== INPUT RECORDS
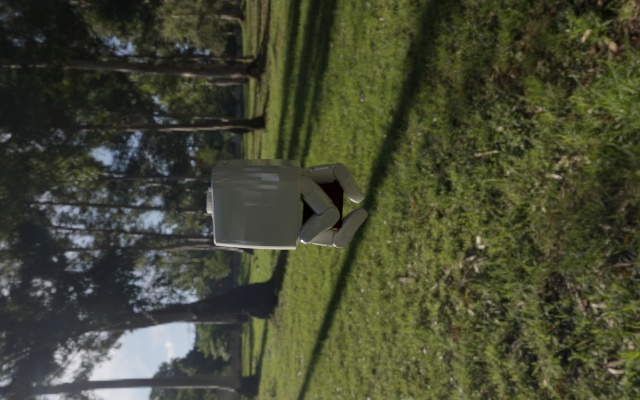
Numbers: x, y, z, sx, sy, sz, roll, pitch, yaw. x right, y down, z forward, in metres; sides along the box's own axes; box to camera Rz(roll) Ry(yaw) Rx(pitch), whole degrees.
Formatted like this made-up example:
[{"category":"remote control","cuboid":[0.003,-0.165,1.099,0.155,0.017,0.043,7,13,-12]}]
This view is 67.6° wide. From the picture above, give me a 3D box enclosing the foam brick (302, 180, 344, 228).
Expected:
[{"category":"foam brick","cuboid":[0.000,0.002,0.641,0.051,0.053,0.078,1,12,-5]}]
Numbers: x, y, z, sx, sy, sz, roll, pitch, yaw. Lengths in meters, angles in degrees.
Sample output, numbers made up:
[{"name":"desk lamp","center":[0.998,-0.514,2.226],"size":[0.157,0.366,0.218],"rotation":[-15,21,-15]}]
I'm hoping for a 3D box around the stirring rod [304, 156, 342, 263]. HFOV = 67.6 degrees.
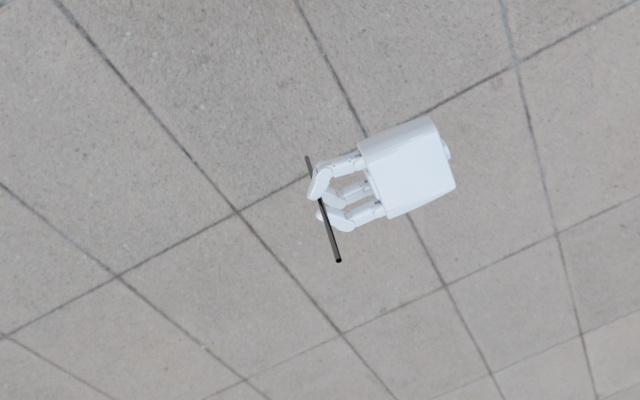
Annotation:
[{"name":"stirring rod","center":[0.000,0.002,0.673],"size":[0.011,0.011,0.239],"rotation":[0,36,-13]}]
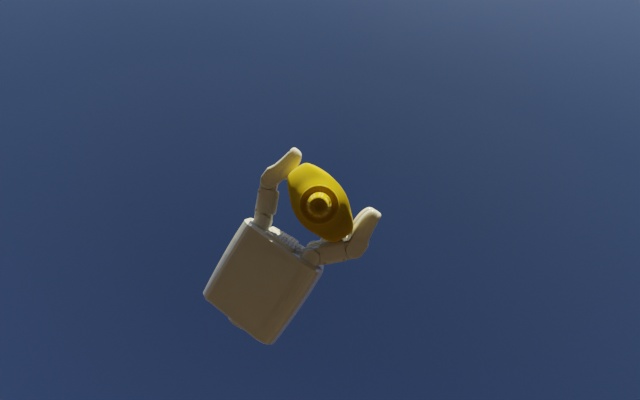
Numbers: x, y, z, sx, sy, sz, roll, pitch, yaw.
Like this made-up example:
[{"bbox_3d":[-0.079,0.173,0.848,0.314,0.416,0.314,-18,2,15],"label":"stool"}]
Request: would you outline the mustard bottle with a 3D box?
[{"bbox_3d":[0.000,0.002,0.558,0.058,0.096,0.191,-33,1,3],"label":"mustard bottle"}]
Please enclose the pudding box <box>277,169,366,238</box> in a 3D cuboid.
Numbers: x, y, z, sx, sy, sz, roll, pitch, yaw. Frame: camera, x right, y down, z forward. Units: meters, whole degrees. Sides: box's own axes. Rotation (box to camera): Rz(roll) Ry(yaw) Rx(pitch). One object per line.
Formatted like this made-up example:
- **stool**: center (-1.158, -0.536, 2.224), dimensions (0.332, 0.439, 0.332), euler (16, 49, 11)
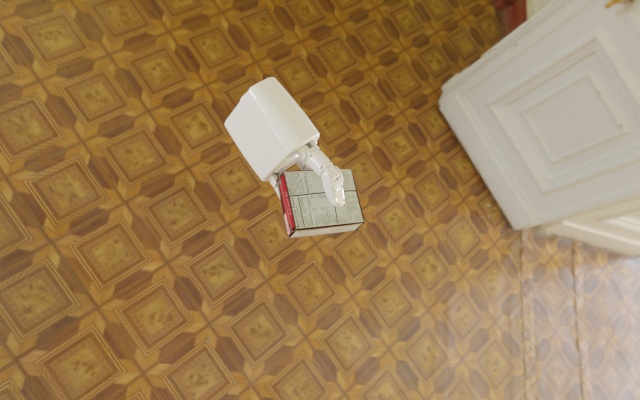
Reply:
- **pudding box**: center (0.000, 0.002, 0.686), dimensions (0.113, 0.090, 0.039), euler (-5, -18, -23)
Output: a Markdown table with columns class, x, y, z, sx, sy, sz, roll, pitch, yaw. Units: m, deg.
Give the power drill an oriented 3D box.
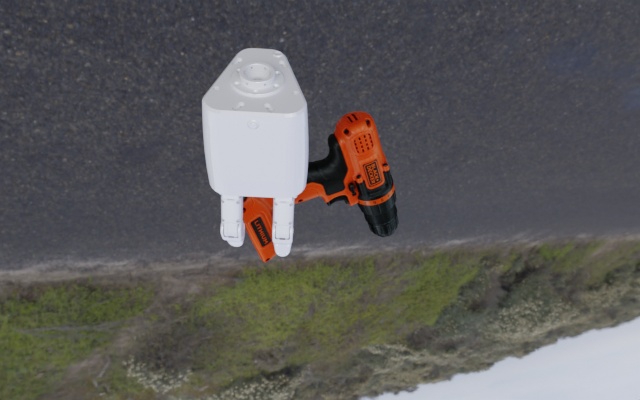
====
> ASSIGNED TASK: The entire listing above, minus its pictures, should be copied out exactly.

> THE ANSWER:
Numbers: x, y, z, sx, sy, sz, roll, pitch, yaw. x right, y down, z forward, in metres; sides along the box's own axes; box to camera Rz(roll) Ry(yaw) Rx(pitch), whole degrees.
Formatted like this made-up example:
[{"category":"remote control","cuboid":[0.003,-0.165,1.099,0.155,0.017,0.043,7,13,-12]}]
This view is 67.6° wide. From the picture above, give me a 3D box enclosing the foam brick (302, 180, 344, 228).
Expected:
[{"category":"foam brick","cuboid":[0.000,0.002,0.641,0.051,0.053,0.078,1,12,-5]}]
Numbers: x, y, z, sx, sy, sz, roll, pitch, yaw. Lengths in meters, angles in degrees.
Sample output, numbers made up:
[{"name":"desk lamp","center":[0.998,-0.514,2.226],"size":[0.157,0.366,0.218],"rotation":[-15,21,-15]}]
I'm hoping for a 3D box around the stirring rod [304, 156, 342, 263]. HFOV = 67.6 degrees.
Annotation:
[{"name":"stirring rod","center":[0.000,0.002,0.673],"size":[0.011,0.011,0.239],"rotation":[0,36,-13]}]
Numbers: x, y, z, sx, sy, sz, roll, pitch, yaw.
Like this made-up example:
[{"bbox_3d":[-0.079,0.173,0.848,0.314,0.416,0.314,-18,2,15],"label":"stool"}]
Request: would you outline the mustard bottle with a 3D box?
[{"bbox_3d":[0.000,0.002,0.558,0.058,0.096,0.191,-33,1,3],"label":"mustard bottle"}]
Please enclose the pudding box <box>277,169,366,238</box> in a 3D cuboid.
Numbers: x, y, z, sx, sy, sz, roll, pitch, yaw. Frame: camera, x right, y down, z forward. Units: meters, whole degrees. Sides: box's own axes. Rotation (box to camera): Rz(roll) Ry(yaw) Rx(pitch). One object per line.
Formatted like this made-up example:
- **stool**: center (-1.158, -0.536, 2.224), dimensions (0.332, 0.439, 0.332), euler (16, 49, 11)
Reply:
- **pudding box**: center (0.000, 0.002, 0.686), dimensions (0.113, 0.090, 0.039), euler (-5, -18, -23)
Output: a Markdown table with columns class, x, y, z, sx, sy, sz, roll, pitch, yaw. Units: m, deg.
Give the power drill an oriented 3D box.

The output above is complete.